|
İstanbul Mahkemesi 12 Numaralı Sicil (H. 1073-1074/M. 1663-1664) cilt: 16, sayfa: 883 Hüküm no: 1207 Orijinal metin no: [128b-1] Bu defter İstanbul 2010 Avrupa Kültür Başkenti Ajansı ve İslam Araştırmaları Merkezi (İSAM) ortaklığı ile hazırlanmıştır.
Köle olduğu iddiasıyla Bolu nâzırı Dilaver b. Abdullah tarafından tutulan Ali’nin hür olduğunun anlaşıldığı
İşbu orta boylu açık kaşlı gök elâ gözlü sarışın Rusiyyü’l-asl Ali b. Abdullah nâm şâbb-ı emred mahfil-i kazâda, vilâyet-i Anadolu’da kasaba-i Bolu nâzırı olan Dilaver b. Abdullah’ın kethüdâsı ve tarafından husûs-ı âti’l-beyâna sâbitü’l-vekâle vekîli olan Hüseyin Bey b.

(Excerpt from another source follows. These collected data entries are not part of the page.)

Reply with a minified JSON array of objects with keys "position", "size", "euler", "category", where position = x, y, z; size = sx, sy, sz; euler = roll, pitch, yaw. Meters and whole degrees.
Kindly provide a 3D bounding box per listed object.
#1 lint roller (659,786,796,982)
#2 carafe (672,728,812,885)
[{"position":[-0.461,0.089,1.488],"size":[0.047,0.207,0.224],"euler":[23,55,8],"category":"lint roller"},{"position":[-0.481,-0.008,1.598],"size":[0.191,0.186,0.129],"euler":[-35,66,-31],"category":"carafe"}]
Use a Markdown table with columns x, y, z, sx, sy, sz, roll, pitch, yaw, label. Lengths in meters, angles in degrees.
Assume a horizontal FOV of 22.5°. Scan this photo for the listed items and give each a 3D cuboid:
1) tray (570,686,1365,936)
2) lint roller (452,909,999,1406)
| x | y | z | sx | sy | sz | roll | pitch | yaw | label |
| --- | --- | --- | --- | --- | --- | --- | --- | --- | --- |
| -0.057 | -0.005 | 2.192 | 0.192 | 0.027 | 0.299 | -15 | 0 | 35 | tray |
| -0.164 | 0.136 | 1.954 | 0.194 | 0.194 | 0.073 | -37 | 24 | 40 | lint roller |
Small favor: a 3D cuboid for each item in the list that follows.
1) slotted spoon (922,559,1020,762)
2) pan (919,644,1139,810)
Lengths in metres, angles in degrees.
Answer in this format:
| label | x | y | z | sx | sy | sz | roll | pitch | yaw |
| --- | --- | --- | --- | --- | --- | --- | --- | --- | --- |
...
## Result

Veli mahzarında üzerine takrîr-i da‘vâ edip Kangırı kazâsına tâbi‘ Ayan nâm karyede sâkin iken bundan akdem vefât eden Mahmud Bey b. İbrahim’in abd-i müşterâsı iken târih-i kitâbdan üç sene mukaddem mezbûr Mahmud Bey hâl-i hayâtında şuhûd-ı udûl mahzarında beni tedbîr-i mutlak ile müdebber edip üç ay mürûrundan sonra mezbûr Mahmud Bey vefât etmekle sülüs malı müsâ‘id olmağla ben mu‘tak olup bir maslahat için kasaba-i Bolu’ya geldiğimde, müvekkil-i merkūm Dilaver Ağa sen âbıksın deyû beni bi gayri vechin ahz eylemişdir hâlâ vekîl-i merkūmdan suâl olunup sebîlim tahliyye olunmak matlûbumdur dedikde gıbbe’s-suâl vekîl-i mezbûr cevâbında müvekkilim mersûm Dilaver Ağa müdde‘î-i merkūmu âbık olmağla [ahz] eylemişdi. Lâkin mu‘tak olduğu ma‘lûmu değildir deyû ıtkını inkâr edicek müdde‘î-i mezbûr Ali’den müdde‘âsını mübeyyine beyyine taleb olundukda udûl-i müslimînden olup fi’l-asl karye-i merkūme sükkânından olup hâlâ mahmiye-i İstanbul’da Sahn medreselerinde Beyazîzâde Ahmed Efendi medresesinde sâkin es-Seyyid Mehmed Efendi b. es-Seyyid Mehmed ve Halil b. el-Hâc Hasan ve Mustafa b. Ali nâm kimesneler li ecli’ş-şehâde meclis-i şer‘a hâzırûn olup istişhâd olunduklarında, fi’l-hakīka müdde‘î-i mezbûr Ali zikr olunan Ayan nâm karyede sâkin iken bundan akdem vefât eden mezkûr Mahmud Bey’in abd-ı müşterâsı iken târih-i kitâbdan üç sene mukaddem merkūm Mahmud Bey hâl-i hayâtında bizim huzûrumuzda merkūm Ali’yi tedbîr-i mutlak ile müdebber edip üç ay mürûrundan sonra merkūm Mahmud Bey vefât etmekle sülüs malı müsâ‘id olmağla mersûm Ali mu‘tak olmuşdur biz bu husûsa bu vech üzre şâhidleriz şehâdet dahi ederiz deyû her biri edâ-i şehâdet-i şer‘iyye eylediklerinde ba‘de’t-ta‘dîl ve’t-tezkiyye şehâdetleri makbûle olmağın mûcebince merkūm Ali’nin ıtkına ba‘de’l-hükm mâ vaka‘a bi’t-taleb ketb olundu. Hurrire fi’t-târihi’l-mezbûr li’s-seneti’l-merkūme
Şuhûdü’l-hâl: Es-Seyyid Ahmed Çavuş b. ( ), Ali Ağa b. Hüseyin, Fahrü’l-müderrisîni’l-kirâm Nâzikîzâde Mustafa Efendi, Hüseyin Çavuş b. Ali el-Mübâşir, Mehmed Çavuş b. İbrahim ve gayruhüm.